Değerli arkadaşlarım, bakın, geçen gün bir şey oldu, Tayyip Erdoğan birlikte yürüdüğü, birlikte ıslandığı arkadaşlarıyla ilgili konuşmaya başladı ve dedi ki: “Davutoğlu ve Babacan dolandırıcılık yaptılar.” MONOPOL özelleştirilirken rantçılık yaptıklarını söyledi. Sanırsınız kendisi o vakit muhalefetteymiş ha, o denli şey yapıyor.
Şimdi, bu İNHİSAR bizim yüreğimizin yarası. Niçin biliyor musunuz? Siz tahminen tekrar buralarda oturuyordunuz, ben İNHİSAR personelleriyle bir arada şu Sakarya Caddesi’nde çadırda yatıyordum, bu İNHİSAR özelleştirilmesin, MONOPOL satılmasın, MONOPOL personelleri işsiz kalmasın diye.
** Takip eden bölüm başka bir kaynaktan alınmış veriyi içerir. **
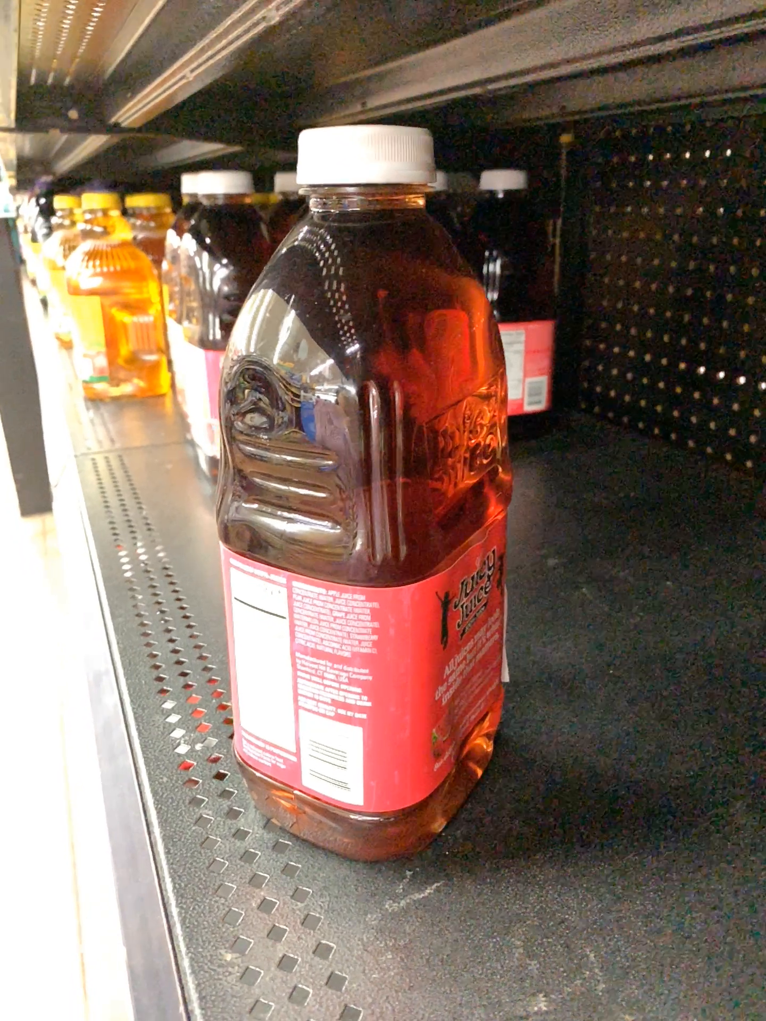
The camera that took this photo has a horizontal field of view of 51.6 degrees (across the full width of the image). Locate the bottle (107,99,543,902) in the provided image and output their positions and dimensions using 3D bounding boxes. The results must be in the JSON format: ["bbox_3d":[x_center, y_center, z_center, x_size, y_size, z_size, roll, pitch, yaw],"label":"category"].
[{"bbox_3d":[-0.006,-0.008,0.306,0.090,0.255,0.125,9,24,26],"label":"bottle"}]

Artık öğreniyoruz ki işler bozulunca öğreniyoruz ki İNHİSAR aslında peşkeş çekilmiş. Yani biz bunları söylediğimiz için polisten dayak yerken aslında bunlar yapılmış.
“HALKIN MALINA ÇÖKENDEN HALKIN MALINI ALALIM”
Hani daima soruyorsunuz ya “Kaynak nerede? Kaynak nerede?” Bakın, sizin Genel Lideriniz itiraf etti, dedi ki: “TEKEL’in toprağını şahıslar kendilerine peşkeş çekmişler.” Ben diğer sayayım mı? Paşabahçe, Erdemir, İsdemir, İNHİSAR, Sümer Holding, şeker fabrikaları. Yani siz özelleştirme rekoru kırdınız; bu memleketin emekçisinin, işçisinin alın teriyle, babalarımızın, dedelerimizin alın teriyle yapılan her şeyi sattınız. Kaynak mı arıyorsunuz? Haydi gelin, kaynak bulalım. Haydi şu, halkın olanlara, o peşkeş çektiklerinizin hepsine tekrar halk ismine el koyalım, bakalım o vakit memlekette emeklilikte yaşa takılanlar için kaynak çıkıyor mu, fakirler için kaynak çıkıyor mu, minimum fiyatı artırmak için kaynak çıkıyor mu. Varsa yüreğiniz biz hazırız. Bu bütçeyi hakikaten tartışmak istiyorsanız, kaynak yaratmak istiyorsanız, halkın malına çökenlerden halkın malını geri alalım, hepsini kamulaştıralım diyorum.”